I think CI is failing with those nil pointer panics because of StatementInsightsStatistics.ContentionEvents.

This is the line in the generated code that panics:

func (m *StatementInsightsStatistics) MarshalToSizedBuffer(dAtA []byte) (int, error) {
        ...
        // Triggers a nil pointer dereference panic
	if len(m.ContentionEvents) > 0 {

Can we update the field in the proto to remove the (gogoproto.nullable = true) tag to fix?

cockroach/pkg/obsservice/obspb/obsservice.proto

Line 123 in 02b3a9a

repeated ContentionEvent contention_events = 33 [(gogoproto.nullable) = true];

(This assumes a check like len(m.ContentionEvents) > 0 would suffice)

pkg/sql/sqlstats/insights/store.go line 67 at r3 (raw file):

		}
		var fromPool *obspb.StatementInsightsStatistics
		defer pool.Put(fromPool)

nit: do we need to declare the var & defer the returning of the var to the pool outside of the below for loop?

I'm having a bit of trouble understanding how this defer pool.Put(fromPool) call plays together with the pool.Put(fromPool) call inside the loop, since it seems like the var fromPool is never used outside of the loop.

pkg/sql/sqlstats/insights/store.go line 86 at r3 (raw file):

	})

	for _, key := range keysToDelete {

Since we hold the lock as a writer (as opposed to RLock()), it seems like keysToDelete should encompass everything in the cache, no?

If so, would it be faster to just drop the entire cache and replace it with a new one, in the same way we originally created it when first initialized the lockingStore? e.g.:

        // Reset the cache with a fresh one.
	s.mu.insights = cache.NewUnorderedCache(cache.Config{
		Policy: cache.CacheFIFO,
		ShouldEvict: func(size int, key, value interface{}) bool {
			return int64(size) > ExecutionInsightsCapacity.Get(&st.SV)
		},
		OnEvicted: func(_, value interface{}) {
			releaseInsight(value.(*Insight))
		},
	})

Then, we no longer need to allocated/track keysToDelete (as an additional bonus).

pkg/sql/sqlstats/persistedsqlstats/flush.go line 109 at r3 (raw file):

	// Exporting Insights to Observability Service.
	exportInsights := insights.SQLInsightsStatsExportEnabled.Get(&s.SQLStats.GetClusterSettings().SV)

After learning more about the insights code, how would you feel about doing this exporting continuously, instead of at the SQL Stats flush interval?

For example, once the lockingRegistry observes a transaction, it pushes the insight to the lockingStore:

cockroach/pkg/sql/sqlstats/insights/registry.go

Line 177 in d09f5e3

r.sink.AddInsight(insight)

This appears to clear the lockingRegistry cache of all the statements with the same session ID associated with that txn, so it seems like the insight that it pushes to the lockingStore are "complete", is that right?

So could we just push the insight to the events exporter when we call (*lockingRegistry).AddInsight()?

With statement stats we wanted to use the events exporter at the flush interval so that we could benefit from the pre-aggregation happening during those ~10 minutes, but since Insights don't aggregate in a similar way, is it preferable to just export continuously?
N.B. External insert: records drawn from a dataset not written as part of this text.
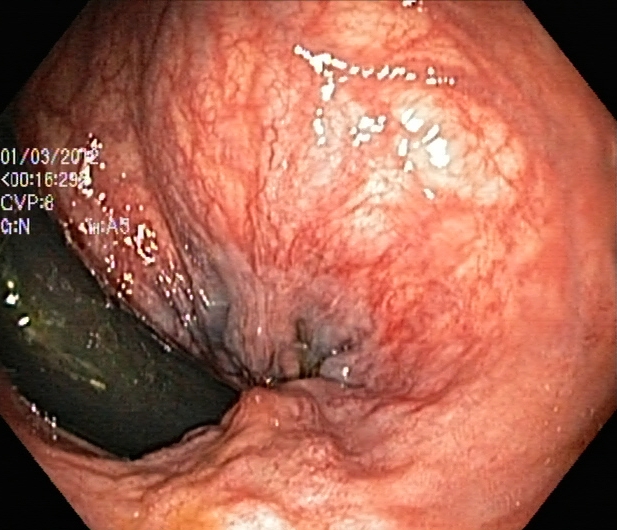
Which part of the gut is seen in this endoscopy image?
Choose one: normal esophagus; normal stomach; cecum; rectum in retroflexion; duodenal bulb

rectum in retroflexion
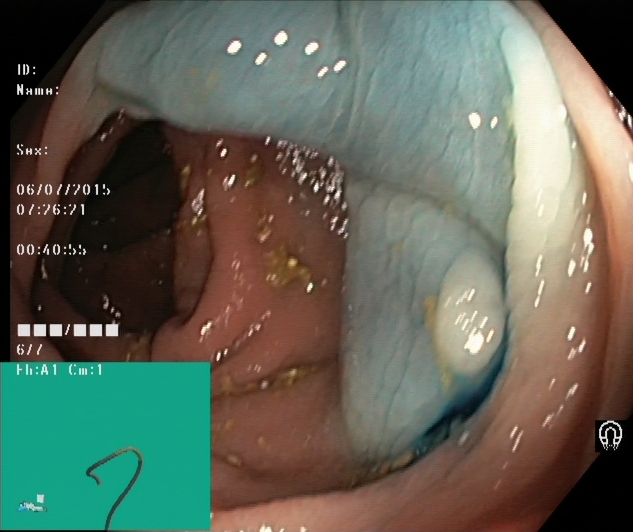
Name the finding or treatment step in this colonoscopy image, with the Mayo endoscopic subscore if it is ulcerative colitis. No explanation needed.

dyed and lifted polyp (pre-resection)
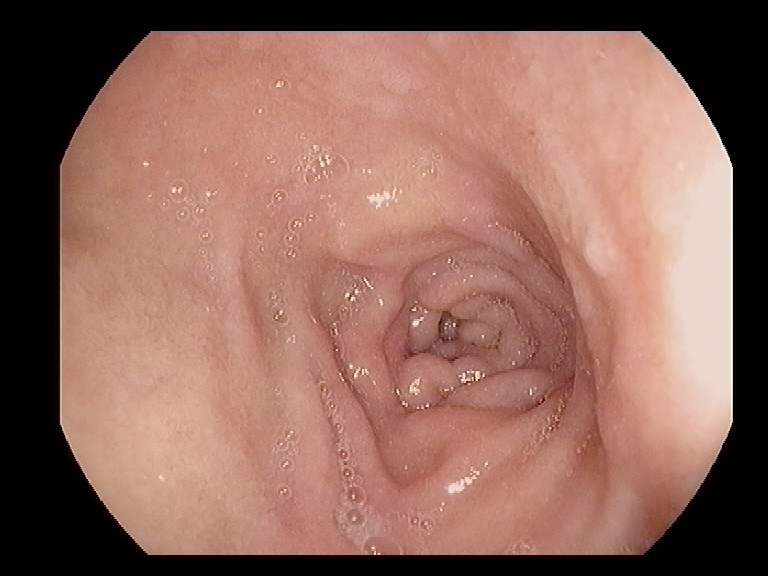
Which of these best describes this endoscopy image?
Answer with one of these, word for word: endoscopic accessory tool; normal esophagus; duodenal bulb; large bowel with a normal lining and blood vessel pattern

duodenal bulb
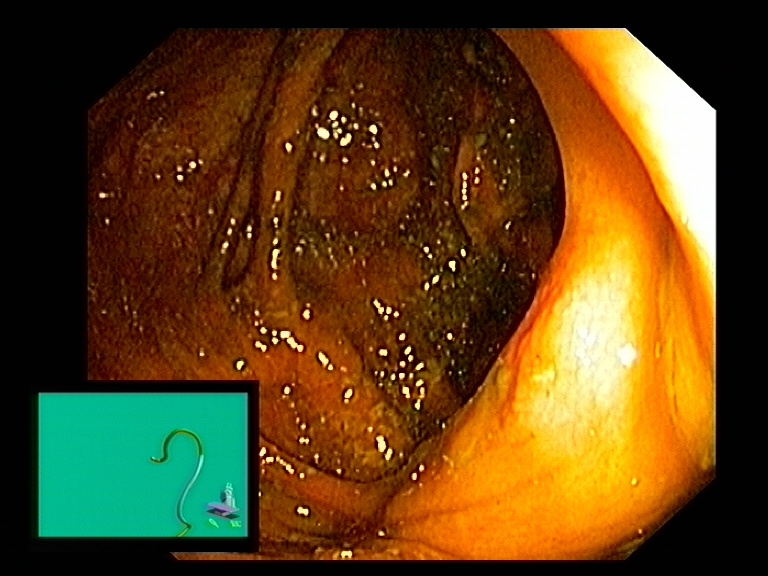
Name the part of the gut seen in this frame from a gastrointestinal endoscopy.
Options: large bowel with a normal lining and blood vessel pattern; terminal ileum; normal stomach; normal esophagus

large bowel with a normal lining and blood vessel pattern
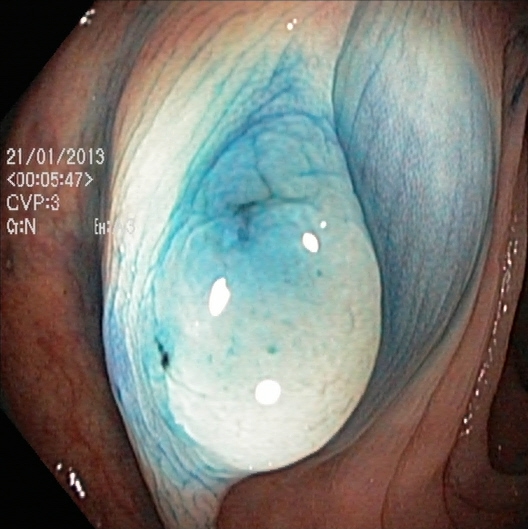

LMK what you think!

maryliag

Reviewable status: complete! 0 of 0 LGTMs obtained (waiting on @abarganier and @xinhaoz)

pkg/sql/sqlstats/insights/registry.go line 278 at r3 (raw file):

Previously, abarganier (Alex Barganier) wrote…

I think CI is failing with those nil pointer panics because of StatementInsightsStatistics.ContentionEvents.

This is the line in the generated code that panics:
func (m *StatementInsightsStatistics) MarshalToSizedBuffer(dAtA []byte) (int, error) {
        ...
        // Triggers a nil pointer dereference panic
	if len(m.ContentionEvents) > 0 { 
Can we update the field in the proto to remove the (gogoproto.nullable = true) tag to fix?

cockroach/pkg/obsservice/obspb/obsservice.proto

Line 123 in 02b3a9a

repeated ContentionEvent contention_events = 33 [(gogoproto.nullable) = true];

(This assumes a check like len(m.ContentionEvents) > 0 would suffice)

Ah nice! Thanks for catching this

pkg/sql/sqlstats/insights/store.go line 67 at r3 (raw file):

Previously, abarganier (Alex Barganier) wrote…

nit: do we need to declare the var & defer the returning of the var to the pool outside of the below for loop?

I'm having a bit of trouble understanding how this defer pool.Put(fromPool) call plays together with the pool.Put(fromPool) call inside the loop, since it seems like the var fromPool is never used outside of the loop.

initially I though the panic was caused here, so this was me playing with it and trying to see if would stop the panic. I can move things back to just inside the loop

pkg/sql/sqlstats/insights/store.go line 86 at r3 (raw file):

Previously, abarganier (Alex Barganier) wrote…

Since we hold the lock as a writer (as opposed to RLock()), it seems like keysToDelete should encompass everything in the cache, no?

If so, would it be faster to just drop the entire cache and replace it with a new one, in the same way we originally created it when first initialized the lockingStore? e.g.:
        // Reset the cache with a fresh one.
	s.mu.insights = cache.NewUnorderedCache(cache.Config{
		Policy: cache.CacheFIFO,
		ShouldEvict: func(size int, key, value interface{}) bool {
			return int64(size) > ExecutionInsightsCapacity.Get(&st.SV)
		},
		OnEvicted: func(_, value interface{}) {
			releaseInsight(value.(*Insight))
		},
	})
Then, we no longer need to allocated/track keysToDelete (as an additional bonus).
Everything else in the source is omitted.